What you are asked to do: From the records below, print exactly the lines starting at the one containing "Numbers: x, y, z, sx, sy, sz, roll, pitch, yaw." and ending at the one containing "3) bicyclist on", ends included, and nothing else.

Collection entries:
**********
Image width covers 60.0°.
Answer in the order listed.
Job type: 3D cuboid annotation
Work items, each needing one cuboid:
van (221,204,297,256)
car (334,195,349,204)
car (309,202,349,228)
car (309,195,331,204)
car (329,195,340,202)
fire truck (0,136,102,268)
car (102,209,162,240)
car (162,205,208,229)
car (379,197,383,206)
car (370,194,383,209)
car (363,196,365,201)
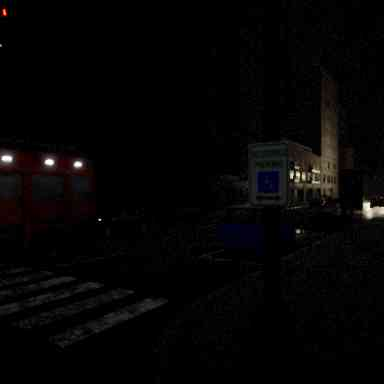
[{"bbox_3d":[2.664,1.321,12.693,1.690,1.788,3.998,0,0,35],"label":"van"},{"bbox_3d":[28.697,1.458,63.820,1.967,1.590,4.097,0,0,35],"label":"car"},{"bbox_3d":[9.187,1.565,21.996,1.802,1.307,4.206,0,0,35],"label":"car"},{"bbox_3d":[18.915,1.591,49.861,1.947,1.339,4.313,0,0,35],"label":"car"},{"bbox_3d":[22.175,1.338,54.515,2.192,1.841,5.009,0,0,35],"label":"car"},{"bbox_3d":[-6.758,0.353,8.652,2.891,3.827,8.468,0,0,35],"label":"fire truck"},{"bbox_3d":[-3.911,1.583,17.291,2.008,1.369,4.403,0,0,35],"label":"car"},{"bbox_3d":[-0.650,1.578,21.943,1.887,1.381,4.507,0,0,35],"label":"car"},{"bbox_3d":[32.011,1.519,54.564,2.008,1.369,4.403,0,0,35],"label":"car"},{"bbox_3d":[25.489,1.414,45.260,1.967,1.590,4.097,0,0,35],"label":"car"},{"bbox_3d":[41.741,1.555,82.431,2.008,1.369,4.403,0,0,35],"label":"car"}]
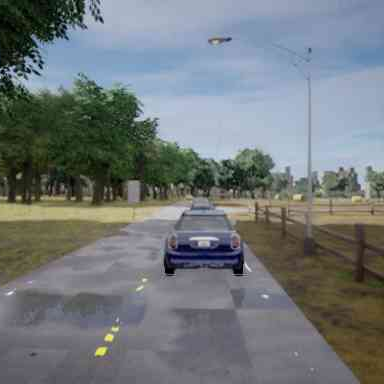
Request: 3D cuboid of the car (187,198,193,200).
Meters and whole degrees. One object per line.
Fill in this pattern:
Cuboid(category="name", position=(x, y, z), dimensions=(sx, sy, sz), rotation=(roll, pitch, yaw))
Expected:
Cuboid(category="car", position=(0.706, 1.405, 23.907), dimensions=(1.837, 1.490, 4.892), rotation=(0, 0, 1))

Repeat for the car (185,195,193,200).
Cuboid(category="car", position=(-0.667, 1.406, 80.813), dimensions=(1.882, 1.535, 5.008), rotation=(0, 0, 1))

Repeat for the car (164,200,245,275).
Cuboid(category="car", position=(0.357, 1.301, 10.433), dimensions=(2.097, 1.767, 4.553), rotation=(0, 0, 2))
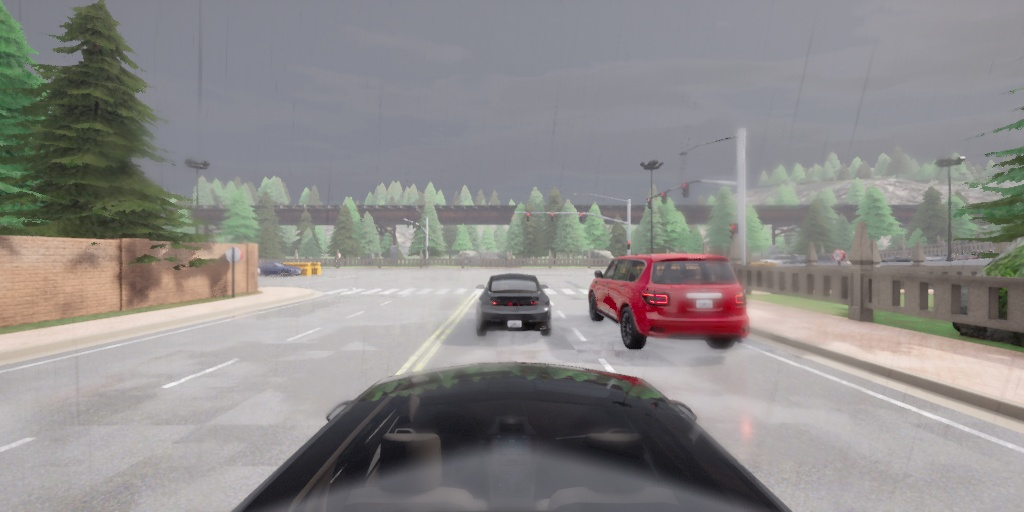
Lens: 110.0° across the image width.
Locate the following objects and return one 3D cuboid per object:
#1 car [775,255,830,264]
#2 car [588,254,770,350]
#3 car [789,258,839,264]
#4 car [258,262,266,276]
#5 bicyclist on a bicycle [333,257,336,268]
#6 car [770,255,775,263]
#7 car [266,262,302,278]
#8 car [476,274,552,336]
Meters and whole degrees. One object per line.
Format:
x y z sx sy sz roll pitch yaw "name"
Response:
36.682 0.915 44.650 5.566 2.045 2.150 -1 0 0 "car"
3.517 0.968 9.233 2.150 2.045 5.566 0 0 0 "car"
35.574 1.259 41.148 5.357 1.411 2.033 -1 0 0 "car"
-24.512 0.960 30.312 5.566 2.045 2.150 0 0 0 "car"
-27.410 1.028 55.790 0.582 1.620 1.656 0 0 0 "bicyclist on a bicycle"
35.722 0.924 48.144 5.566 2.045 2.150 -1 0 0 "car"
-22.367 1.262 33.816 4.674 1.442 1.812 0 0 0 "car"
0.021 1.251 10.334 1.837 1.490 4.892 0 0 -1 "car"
**********
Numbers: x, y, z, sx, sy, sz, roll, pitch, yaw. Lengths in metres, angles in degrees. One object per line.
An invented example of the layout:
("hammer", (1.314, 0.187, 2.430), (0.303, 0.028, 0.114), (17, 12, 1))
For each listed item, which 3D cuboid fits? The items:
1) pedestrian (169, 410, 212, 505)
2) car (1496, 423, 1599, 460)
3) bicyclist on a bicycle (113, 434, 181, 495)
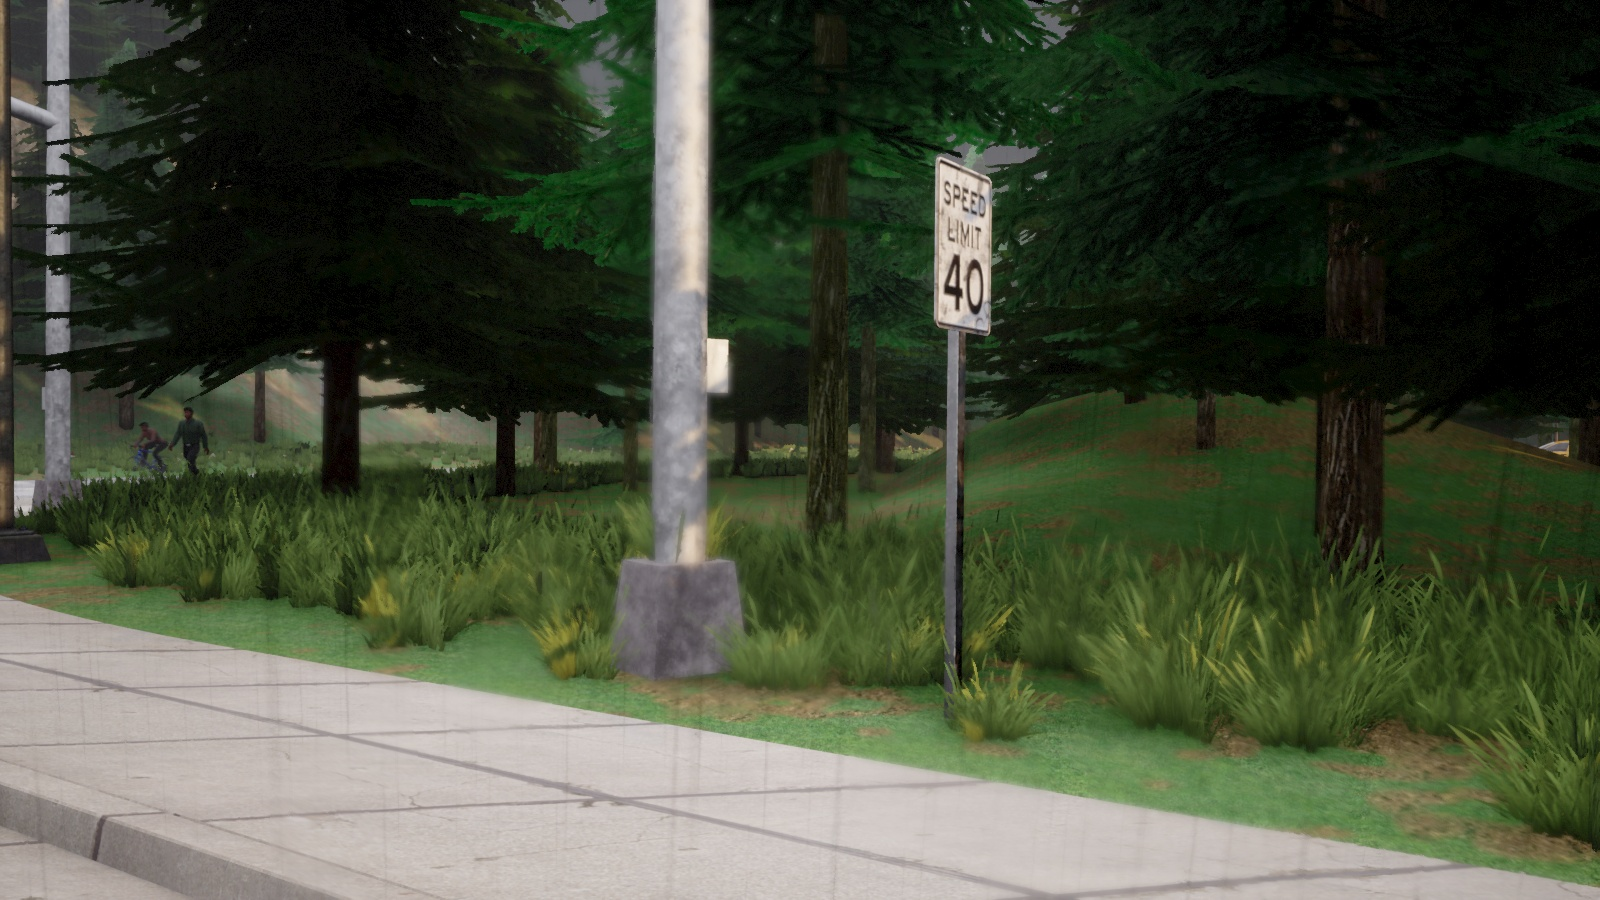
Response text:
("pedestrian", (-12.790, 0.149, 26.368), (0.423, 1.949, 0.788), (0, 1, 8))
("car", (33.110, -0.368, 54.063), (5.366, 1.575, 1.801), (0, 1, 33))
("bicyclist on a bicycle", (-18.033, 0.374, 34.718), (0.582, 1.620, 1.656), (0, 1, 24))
**********
Your solution:
Numbers: x, y, z, sx, sy, sz, roll, pitch, yaw. Lengths in metres, angles in degrees. One object per line.
An invented example of the layout:
("hammer", (1.314, 0.187, 2.430), (0.303, 0.028, 0.114), (17, 12, 1))
For each listed item, which 3D cuboid fits? The items:
1) pedestrian (169, 410, 212, 505)
2) car (1496, 423, 1599, 460)
3) bicyclist on a bicycle (113, 434, 181, 495)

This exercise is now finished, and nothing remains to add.